TASK DESCRIPTION: Check each line below for the word "phrase", and copy those that have it.

DATASET ENTRIES:

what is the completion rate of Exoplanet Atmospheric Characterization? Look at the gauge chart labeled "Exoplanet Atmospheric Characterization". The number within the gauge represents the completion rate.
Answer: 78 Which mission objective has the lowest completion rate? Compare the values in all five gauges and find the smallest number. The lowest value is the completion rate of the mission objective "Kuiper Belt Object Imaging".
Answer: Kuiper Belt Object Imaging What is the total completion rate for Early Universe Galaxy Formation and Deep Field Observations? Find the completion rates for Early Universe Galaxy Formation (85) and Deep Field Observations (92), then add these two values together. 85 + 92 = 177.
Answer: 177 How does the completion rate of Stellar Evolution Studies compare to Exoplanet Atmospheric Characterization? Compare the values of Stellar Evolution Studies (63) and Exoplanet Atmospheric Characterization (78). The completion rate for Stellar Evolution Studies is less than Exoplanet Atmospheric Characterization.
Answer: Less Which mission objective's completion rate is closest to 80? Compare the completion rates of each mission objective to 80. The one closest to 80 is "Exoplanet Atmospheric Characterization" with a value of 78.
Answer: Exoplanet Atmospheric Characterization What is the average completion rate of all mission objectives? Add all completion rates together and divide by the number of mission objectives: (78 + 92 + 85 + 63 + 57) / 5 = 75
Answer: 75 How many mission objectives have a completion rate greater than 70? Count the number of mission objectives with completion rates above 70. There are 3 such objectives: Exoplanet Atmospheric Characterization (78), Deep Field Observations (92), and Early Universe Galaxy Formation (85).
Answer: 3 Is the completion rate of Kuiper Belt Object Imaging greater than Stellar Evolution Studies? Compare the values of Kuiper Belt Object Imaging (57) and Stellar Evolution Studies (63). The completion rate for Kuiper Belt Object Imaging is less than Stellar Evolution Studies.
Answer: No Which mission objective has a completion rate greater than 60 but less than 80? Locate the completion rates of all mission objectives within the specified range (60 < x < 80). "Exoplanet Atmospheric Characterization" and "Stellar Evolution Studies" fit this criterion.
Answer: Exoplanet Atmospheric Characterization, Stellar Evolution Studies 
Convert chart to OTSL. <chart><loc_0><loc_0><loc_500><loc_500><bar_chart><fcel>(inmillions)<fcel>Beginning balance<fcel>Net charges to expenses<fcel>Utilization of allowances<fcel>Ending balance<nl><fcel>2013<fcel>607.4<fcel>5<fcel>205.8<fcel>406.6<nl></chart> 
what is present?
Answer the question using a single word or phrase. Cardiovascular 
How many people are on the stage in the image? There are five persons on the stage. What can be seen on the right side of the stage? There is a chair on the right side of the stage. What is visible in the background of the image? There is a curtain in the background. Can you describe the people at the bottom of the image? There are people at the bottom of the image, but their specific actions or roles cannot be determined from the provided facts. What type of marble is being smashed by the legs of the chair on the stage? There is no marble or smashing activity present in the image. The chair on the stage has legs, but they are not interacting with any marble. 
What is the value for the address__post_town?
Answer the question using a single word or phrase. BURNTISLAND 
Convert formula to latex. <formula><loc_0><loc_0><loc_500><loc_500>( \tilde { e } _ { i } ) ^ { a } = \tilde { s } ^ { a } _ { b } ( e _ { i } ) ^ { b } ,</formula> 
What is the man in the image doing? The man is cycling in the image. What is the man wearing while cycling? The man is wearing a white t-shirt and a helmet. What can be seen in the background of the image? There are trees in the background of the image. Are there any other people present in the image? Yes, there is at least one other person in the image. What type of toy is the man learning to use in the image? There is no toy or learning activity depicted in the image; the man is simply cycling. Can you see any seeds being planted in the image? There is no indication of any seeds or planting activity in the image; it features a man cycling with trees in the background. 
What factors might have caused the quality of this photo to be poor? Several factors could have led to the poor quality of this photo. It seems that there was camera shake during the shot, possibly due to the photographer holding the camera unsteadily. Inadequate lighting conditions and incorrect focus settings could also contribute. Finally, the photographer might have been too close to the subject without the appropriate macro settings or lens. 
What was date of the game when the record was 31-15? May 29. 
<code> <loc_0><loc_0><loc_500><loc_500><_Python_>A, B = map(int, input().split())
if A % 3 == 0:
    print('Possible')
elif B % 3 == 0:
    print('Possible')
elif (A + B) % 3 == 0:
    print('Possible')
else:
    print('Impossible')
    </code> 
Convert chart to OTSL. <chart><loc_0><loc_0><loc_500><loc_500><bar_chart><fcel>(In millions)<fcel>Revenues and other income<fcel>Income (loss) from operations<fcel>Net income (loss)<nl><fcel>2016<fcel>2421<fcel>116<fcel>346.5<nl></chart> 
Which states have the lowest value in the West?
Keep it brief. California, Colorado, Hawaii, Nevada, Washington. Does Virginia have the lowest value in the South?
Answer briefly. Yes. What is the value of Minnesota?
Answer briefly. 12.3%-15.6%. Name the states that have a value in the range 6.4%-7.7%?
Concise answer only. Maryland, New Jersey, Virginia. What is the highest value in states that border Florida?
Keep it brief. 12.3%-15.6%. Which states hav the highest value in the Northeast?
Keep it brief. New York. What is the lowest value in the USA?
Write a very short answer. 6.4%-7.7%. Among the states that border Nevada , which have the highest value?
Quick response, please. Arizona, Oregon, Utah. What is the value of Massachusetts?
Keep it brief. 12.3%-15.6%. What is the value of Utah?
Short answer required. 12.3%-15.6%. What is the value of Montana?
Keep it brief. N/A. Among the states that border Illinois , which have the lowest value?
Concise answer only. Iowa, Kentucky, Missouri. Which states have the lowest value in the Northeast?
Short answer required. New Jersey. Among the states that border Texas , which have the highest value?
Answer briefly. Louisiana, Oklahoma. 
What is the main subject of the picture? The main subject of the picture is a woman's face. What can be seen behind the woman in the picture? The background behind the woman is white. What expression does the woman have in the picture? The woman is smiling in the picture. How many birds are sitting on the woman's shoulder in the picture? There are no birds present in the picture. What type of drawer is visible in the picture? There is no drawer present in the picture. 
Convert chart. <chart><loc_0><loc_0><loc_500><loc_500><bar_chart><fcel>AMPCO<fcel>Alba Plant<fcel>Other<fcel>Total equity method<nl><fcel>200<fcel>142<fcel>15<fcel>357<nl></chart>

RESULT OF THE EXERCISE:
Answer the question using a single word or phrase. Cardiovascular 
Answer the question using a single word or phrase. BURNTISLAND 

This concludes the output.